W-61/qwen3-8b-base-new-dpo-ultrafeedback-4xh200-batch-128-q_t-0.4-s_star-0.35-20260430-140517
W-61/qwen3-8b-base-new-dpo-ultrafeedback-4xh200-batch-128-q_t-0.4-s_star-0.35-20260430-140517 is an 8 billion parameter Qwen3-based language model fine-tuned by W-61. This model is a DPO-tuned version of jackf857/qwen3-8b-base-sft-ultrachat-4xh200-batch-128, specifically optimized using the HuggingFaceH4/ultrafeedback_binarized dataset.
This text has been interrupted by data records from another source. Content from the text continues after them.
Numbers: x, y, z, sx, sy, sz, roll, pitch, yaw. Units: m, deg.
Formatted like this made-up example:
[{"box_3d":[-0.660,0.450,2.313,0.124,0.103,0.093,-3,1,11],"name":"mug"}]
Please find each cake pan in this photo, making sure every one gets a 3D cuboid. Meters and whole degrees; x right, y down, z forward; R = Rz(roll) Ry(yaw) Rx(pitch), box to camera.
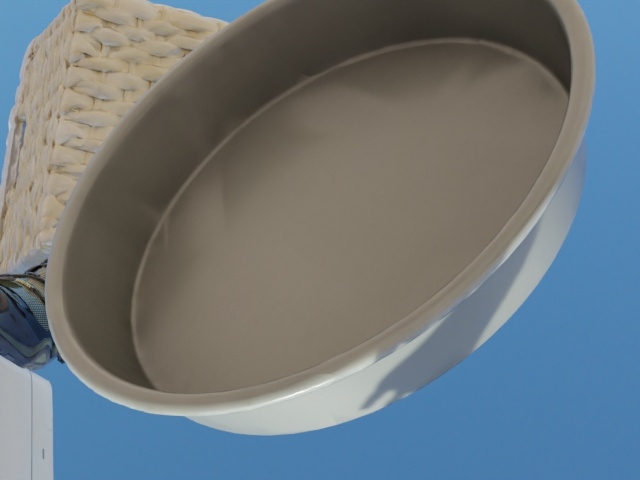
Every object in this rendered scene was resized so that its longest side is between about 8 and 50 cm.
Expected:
[{"box_3d":[0.000,-0.028,0.576,0.293,0.054,0.293,-21,-139,19],"name":"cake pan"}]

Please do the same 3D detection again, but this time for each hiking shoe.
[{"box_3d":[-0.202,0.036,0.906,0.086,0.227,0.114,30,-91,18],"name":"hiking shoe"}]

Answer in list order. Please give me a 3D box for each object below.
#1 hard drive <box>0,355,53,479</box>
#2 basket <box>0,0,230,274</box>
[{"box_3d":[-0.421,0.170,1.218,0.047,0.353,0.233,-34,-138,20],"name":"hard drive"},{"box_3d":[-0.189,-0.087,1.380,0.331,0.266,0.328,12,-105,-21],"name":"basket"}]
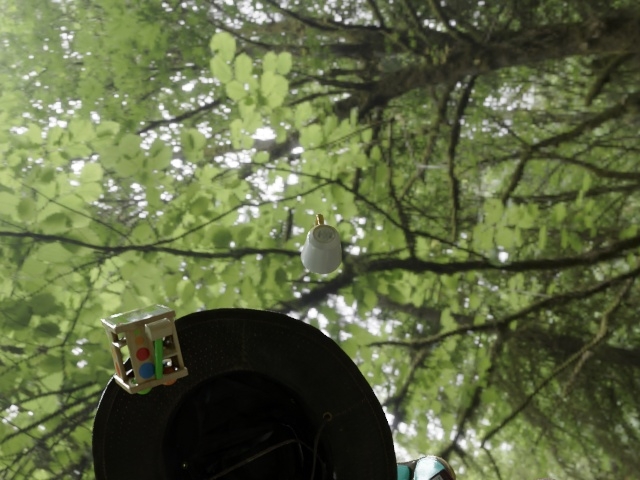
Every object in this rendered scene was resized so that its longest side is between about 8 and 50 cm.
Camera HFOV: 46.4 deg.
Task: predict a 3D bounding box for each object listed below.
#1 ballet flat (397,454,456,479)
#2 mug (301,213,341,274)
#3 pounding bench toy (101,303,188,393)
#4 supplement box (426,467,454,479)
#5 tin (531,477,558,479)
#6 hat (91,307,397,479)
[{"bbox_3d":[0.192,0.442,1.384,0.073,0.232,0.080,24,-113,-23],"label":"ballet flat"},{"bbox_3d":[-0.001,0.003,1.119,0.062,0.078,0.064,-32,-26,-23],"label":"mug"},{"bbox_3d":[-0.143,0.095,0.626,0.052,0.083,0.065,-15,-81,-28],"label":"pounding bench toy"},{"bbox_3d":[0.157,0.466,1.189,0.188,0.081,0.104,-34,-51,-5],"label":"supplement box"},{"bbox_3d":[0.225,0.332,0.737,0.040,0.106,0.189,22,-121,-23],"label":"tin"},{"bbox_3d":[-0.078,0.227,0.832,0.134,0.331,0.331,-143,60,-85],"label":"hat"}]

It is designed for improved response quality and alignment through direct preference optimization.
Loading preview...
Model Overview
This model, developed by W-61, is an 8 billion parameter Qwen3-based language model. It is a fine-tuned iteration of jackf857/qwen3-8b-base-sft-ultrachat-4xh200-batch-128, specifically enhanced through Direct Preference Optimization (DPO).
Key Capabilities
- Preference Alignment: Optimized using the
HuggingFaceH4/ultrafeedback_binarizeddataset, indicating a focus on aligning model outputs with human preferences. - DPO Fine-tuning: Leverages Direct Preference Optimization for improved response quality and reduced undesirable outputs.
Training Details
The model was trained for 1 epoch with a learning rate of 5e-07 and a total batch size of 128 across 4 GPUs. The training process utilized an AdamW optimizer and a cosine learning rate scheduler with a 0.1 warmup ratio. Evaluation metrics show a final loss of 0.6076, with specific DPO-related metrics like a mean margin of 54.4214 and a chosen log-probability of -331.5330, suggesting effective preference learning.
Good For
- Applications requiring models with improved alignment to human feedback.
- Tasks where response quality and preference adherence are critical.